Task to complete | Show all lines from the listing below that contain "closed".

══ The data ══

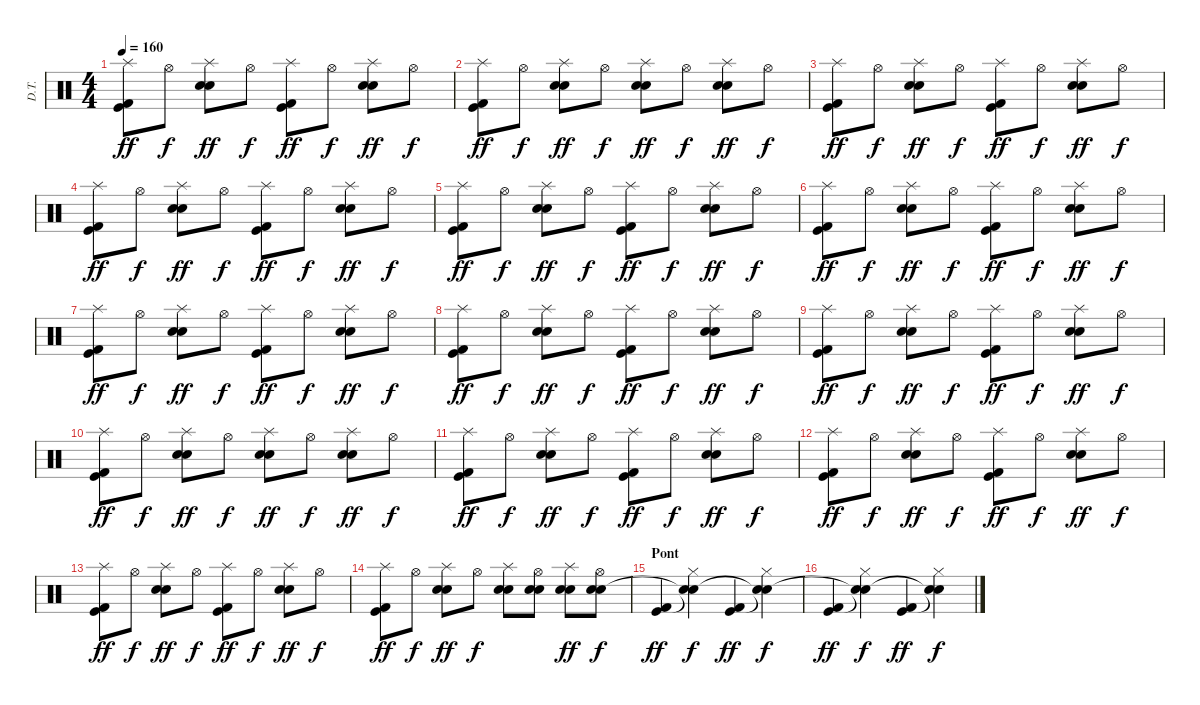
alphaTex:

\track ("D.T." "D.T.") {instrument percussion}
\staff {score}
\articulation defaults
\ts (4 4)
\tempo 160
\clef neutral
\ks c
("Splash (hit)" "Kick (hit)" "Kick (hit) 2").8{dy ff} "Hi-Hat (open)".8{dy f} ("Splash (hit)" "Snare (hit) 2" "Electric Snare (hit)").8{dy ff} "Hi-Hat (open)".8{dy f} ("Splash (hit)" "Kick (hit)" "Kick (hit) 2").8{dy ff} "Hi-Hat (open)".8{dy f} ("Splash (hit)" "Snare (hit) 2" "Electric Snare (hit)").8{dy ff} "Hi-Hat (open)".8{dy f} |
("Splash (hit)" "Kick (hit)" "Kick (hit) 2").8{dy ff} "Hi-Hat (open)".8{dy f} ("Splash (hit)" "Snare (hit) 2" "Electric Snare (hit)").8{dy ff} "Hi-Hat (open)".8{dy f} ("Splash (hit)" "Snare (hit) 2" "Electric Snare (hit)").8{dy ff} "Hi-Hat (open)".8{dy f} ("Splash (hit)" "Snare (hit) 2" "Electric Snare (hit)").8{dy ff} "Hi-Hat (open)".8{dy f} |
("Splash (hit)" "Kick (hit)" "Kick (hit) 2").8{dy ff} "Hi-Hat (open)".8{dy f} ("Splash (hit)" "Snare (hit) 2" "Electric Snare (hit)").8{dy ff} "Hi-Hat (open)".8{dy f} ("Splash (hit)" "Kick (hit)" "Kick (hit) 2").8{dy ff} "Hi-Hat (open)".8{dy f} ("Splash (hit)" "Snare (hit) 2" "Electric Snare (hit)").8{dy ff} "Hi-Hat (open)".8{dy f} |
("Splash (hit)" "Kick (hit)" "Kick (hit) 2").8{dy ff} "Hi-Hat (open)".8{dy f} ("Splash (hit)" "Snare (hit) 2" "Electric Snare (hit)").8{dy ff} "Hi-Hat (open)".8{dy f} ("Splash (hit)" "Kick (hit)" "Kick (hit) 2").8{dy ff} "Hi-Hat (open)".8{dy f} ("Splash (hit)" "Snare (hit) 2" "Electric Snare (hit)").8{dy ff} "Hi-Hat (open)".8{dy f} |
("Splash (hit)" "Kick (hit)" "Kick (hit) 2").8{dy ff} "Hi-Hat (open)".8{dy f} ("Splash (hit)" "Snare (hit) 2" "Electric Snare (hit)").8{dy ff} "Hi-Hat (open)".8{dy f} ("Splash (hit)" "Kick (hit)" "Kick (hit) 2").8{dy ff} "Hi-Hat (open)".8{dy f} ("Splash (hit)" "Snare (hit) 2" "Electric Snare (hit)").8{dy ff} "Hi-Hat (open)".8{dy f} |
("Splash (hit)" "Kick (hit)" "Kick (hit) 2").8{dy ff} "Hi-Hat (open)".8{dy f} ("Splash (hit)" "Snare (hit) 2" "Electric Snare (hit)").8{dy ff} "Hi-Hat (open)".8{dy f} ("Splash (hit)" "Kick (hit)" "Kick (hit) 2").8{dy ff} "Hi-Hat (open)".8{dy f} ("Splash (hit)" "Snare (hit) 2" "Electric Snare (hit)").8{dy ff} "Hi-Hat (open)".8{dy f} |
("Splash (hit)" "Kick (hit)" "Kick (hit) 2").8{dy ff} "Hi-Hat (open)".8{dy f} ("Splash (hit)" "Snare (hit) 2" "Electric Snare (hit)").8{dy ff} "Hi-Hat (open)".8{dy f} ("Splash (hit)" "Kick (hit)" "Kick (hit) 2").8{dy ff} "Hi-Hat (open)".8{dy f} ("Splash (hit)" "Snare (hit) 2" "Electric Snare (hit)").8{dy ff} "Hi-Hat (open)".8{dy f} |
("Splash (hit)" "Kick (hit)" "Kick (hit) 2").8{dy ff} "Hi-Hat (open)".8{dy f} ("Splash (hit)" "Snare (hit) 2" "Electric Snare (hit)").8{dy ff} "Hi-Hat (open)".8{dy f} ("Splash (hit)" "Kick (hit)" "Kick (hit) 2").8{dy ff} "Hi-Hat (open)".8{dy f} ("Splash (hit)" "Snare (hit) 2" "Electric Snare (hit)").8{dy ff} "Hi-Hat (open)".8{dy f} |
("Splash (hit)" "Kick (hit)" "Kick (hit) 2").8{dy ff} "Hi-Hat (open)".8{dy f} ("Splash (hit)" "Snare (hit) 2" "Electric Snare (hit)").8{dy ff} "Hi-Hat (open)".8{dy f} ("Splash (hit)" "Kick (hit)" "Kick (hit) 2").8{dy ff} "Hi-Hat (open)".8{dy f} ("Splash (hit)" "Snare (hit) 2" "Electric Snare (hit)").8{dy ff} "Hi-Hat (open)".8{dy f} |
("Splash (hit)" "Kick (hit)" "Kick (hit) 2").8{dy ff} "Hi-Hat (open)".8{dy f} ("Splash (hit)" "Snare (hit) 2" "Electric Snare (hit)").8{dy ff} "Hi-Hat (open)".8{dy f} ("Splash (hit)" "Snare (hit) 2" "Electric Snare (hit)").8{dy ff} "Hi-Hat (open)".8{dy f} ("Splash (hit)" "Snare (hit) 2" "Electric Snare (hit)").8{dy ff} "Hi-Hat (open)".8{dy f} |
("Splash (hit)" "Kick (hit)" "Kick (hit) 2").8{dy ff} "Hi-Hat (open)".8{dy f} ("Splash (hit)" "Snare (hit) 2" "Electric Snare (hit)").8{dy ff} "Hi-Hat (open)".8{dy f} ("Splash (hit)" "Kick (hit)" "Kick (hit) 2").8{dy ff} "Hi-Hat (open)".8{dy f} ("Splash (hit)" "Snare (hit) 2" "Electric Snare (hit)").8{dy ff} "Hi-Hat (open)".8{dy f} |
("Splash (hit)" "Kick (hit)" "Kick (hit) 2").8{dy ff} "Hi-Hat (open)".8{dy f} ("Splash (hit)" "Snare (hit) 2" "Electric Snare (hit)").8{dy ff} "Hi-Hat (open)".8{dy f} ("Splash (hit)" "Kick (hit)" "Kick (hit) 2").8{dy ff} "Hi-Hat (open)".8{dy f} ("Splash (hit)" "Snare (hit) 2" "Electric Snare (hit)").8{dy ff} "Hi-Hat (open)".8{dy f} |
("Splash (hit)" "Kick (hit)" "Kick (hit) 2").8{dy ff} "Hi-Hat (open)".8{dy f} ("Splash (hit)" "Snare (hit) 2" "Electric Snare (hit)").8{dy ff} "Hi-Hat (open)".8{dy f} ("Splash (hit)" "Kick (hit)" "Kick (hit) 2").8{dy ff} "Hi-Hat (open)".8{dy f} ("Splash (hit)" "Snare (hit) 2" "Electric Snare (hit)").8{dy ff} "Hi-Hat (open)".8{dy f} |
("Splash (hit)" "Kick (hit)" "Kick (hit) 2").8{dy ff} "Hi-Hat (open)".8{dy f} ("Splash (hit)" "Snare (hit) 2" "Electric Snare (hit)").8{dy ff} "Hi-Hat (open)".8{dy f} ("Splash (hit)" "Snare (hit) 2" "Electric Snare (hit)").8 ("Hi-Hat (open)" "Snare (hit) 2" "Electric Snare (hit)").8 ("Splash (hit)" "Snare (hit) 2" "Electric Snare (hit)").8{dy ff} ("Hi-Hat (open)" "Snare (hit) 2" "Electric Snare (hit)").8{dy f} |
\section ("" "Pont")
("Kick (hit)" "Kick (hit) 2").4{dy ff} ("Hi-Hat (closed)" "Snare (hit)"{t} "Snare (hit)"{t}).4{dy f} ("Kick (hit)" "Kick (hit) 2").4{dy ff} ("Hi-Hat (closed)" "Snare (hit)"{t} "Snare (hit)"{t}).4{dy f} |
("Kick (hit)" "Kick (hit) 2").4{dy ff} ("Hi-Hat (closed)" "Snare (hit)"{t} "Snare (hit)"{t}).4{dy f} ("Kick (hit)" "Kick (hit) 2").4{dy ff} ("Hi-Hat (closed)" "Snare (hit)"{t} "Snare (hit)"{t}).4{dy f}

═══

Written reply |
("Kick (hit)" "Kick (hit) 2").4{dy ff} ("Hi-Hat (closed)" "Snare (hit)"{t} "Snare (hit)"{t}).4{dy f} ("Kick (hit)" "Kick (hit) 2").4{dy ff} ("Hi-Hat (closed)" "Snare (hit)"{t} "Snare (hit)"{t}).4{dy f} |
("Kick (hit)" "Kick (hit) 2").4{dy ff} ("Hi-Hat (closed)" "Snare (hit)"{t} "Snare (hit)"{t}).4{dy f} ("Kick (hit)" "Kick (hit) 2").4{dy ff} ("Hi-Hat (closed)" "Snare (hit)"{t} "Snare (hit)"{t}).4{dy f}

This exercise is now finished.